Modernizing Gardener's Logging Stack with OpenTelemetry
Gardener is introducing a significant enhancement to its logging architecture for shoot clusters. By enabling the new OpenTelemetryCollector
feature gate, shoots will be instrumented with the power and flexibility of the OpenTelemetry Collector to process and route shoot logs. This marks a key step in the evolution of Gardener's observability stack, as outlined in GEP-34.
A More Flexible Logging Pipeline
Previously, Gardener's logging pipeline was tightly coupled: valitail
agents on shoot nodes would send logs directly to a Vali
instance in the shoot's control plane. While effective, this setup offered limited flexibility for integrating with other observability backends.
With the OpenTelemetryCollector
feature gate enabled, the architecture is updated to be more modular. Logs are now routed through an OpenTelemetry Collector, which is deployed in the shoot's control plane. This collector acts as an intermediary, receiving logs and then forwarding them to the Vali
persistence layer. This change effectively decouples the log shipping and processing from the final storage backend.

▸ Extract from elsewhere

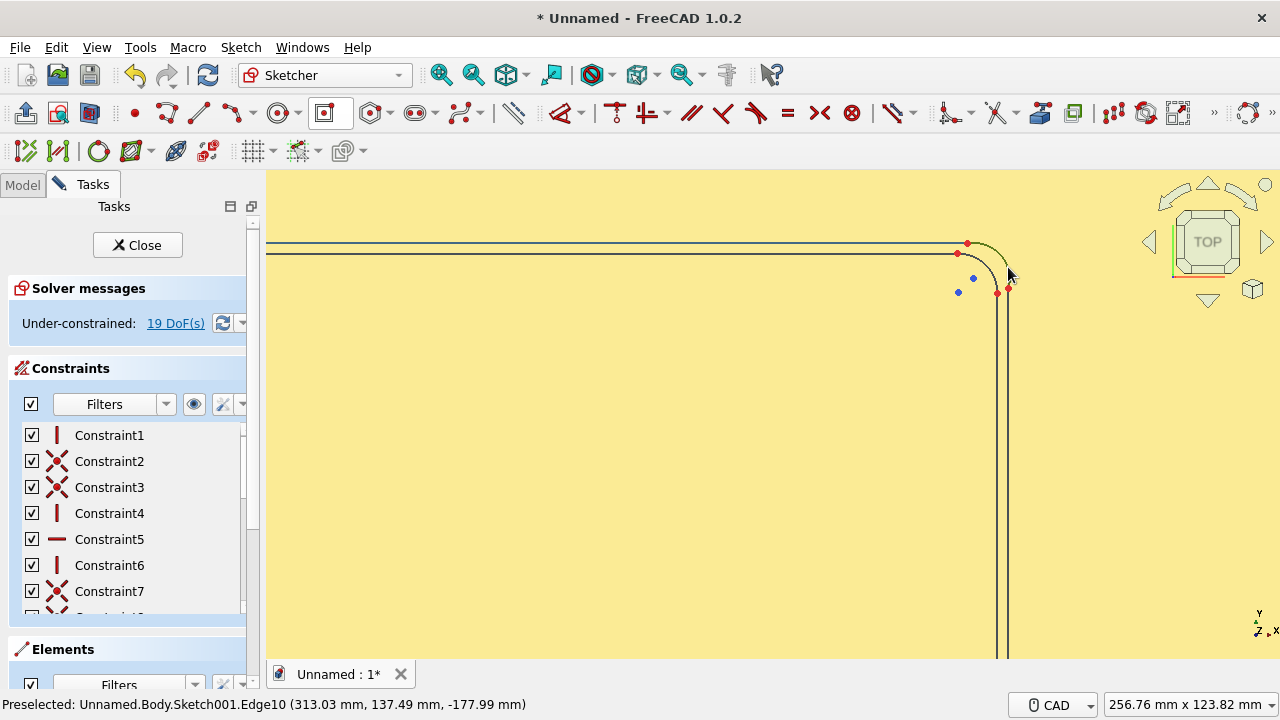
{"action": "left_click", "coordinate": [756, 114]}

Key Advantages of the New Approach
The introduction of the OpenTelemetry Collector brings several key benefits:
- Enhanced Flexibility: The collector can be configured to export logs to various backends, not just
Vali
. This makes it significantly easier to replace or supplementVali
with other solutions like Grafana Loki or third-party observability platforms in the future. - Future-Proof Extensibility: This architecture lays the groundwork for allowing shoot owners to forward logs to their own custom-defined endpoints through extensions, providing greater control over their observability data.
- Industry Standardization: By adopting OpenTelemetry, Gardener aligns with a growing industry standard for telemetry data, ensuring better interoperability and leveraging a vibrant open-source community.
How It Works
When the OpenTelemetryCollector
feature gate is activated, Gardener adjusts the logging stack's configuration. The OpenTelemetry Operator, now part of Gardener, manages the lifecycle of the OpenTelemetryCollector
custom resource.
The Ingress responsible for receiving logs is updated to point to the collector's gRPC receiver endpoint. Consequently, the kube-rbac-proxy
container, which secures this endpoint, is moved from the Vali
deployment to the new collector deployment. From an end-user perspective, the logging experience in the Gardener dashboard remains consistent, ensuring a seamless transition.
This update is a foundational move towards a more powerful, flexible, and standardized observability framework within Gardener.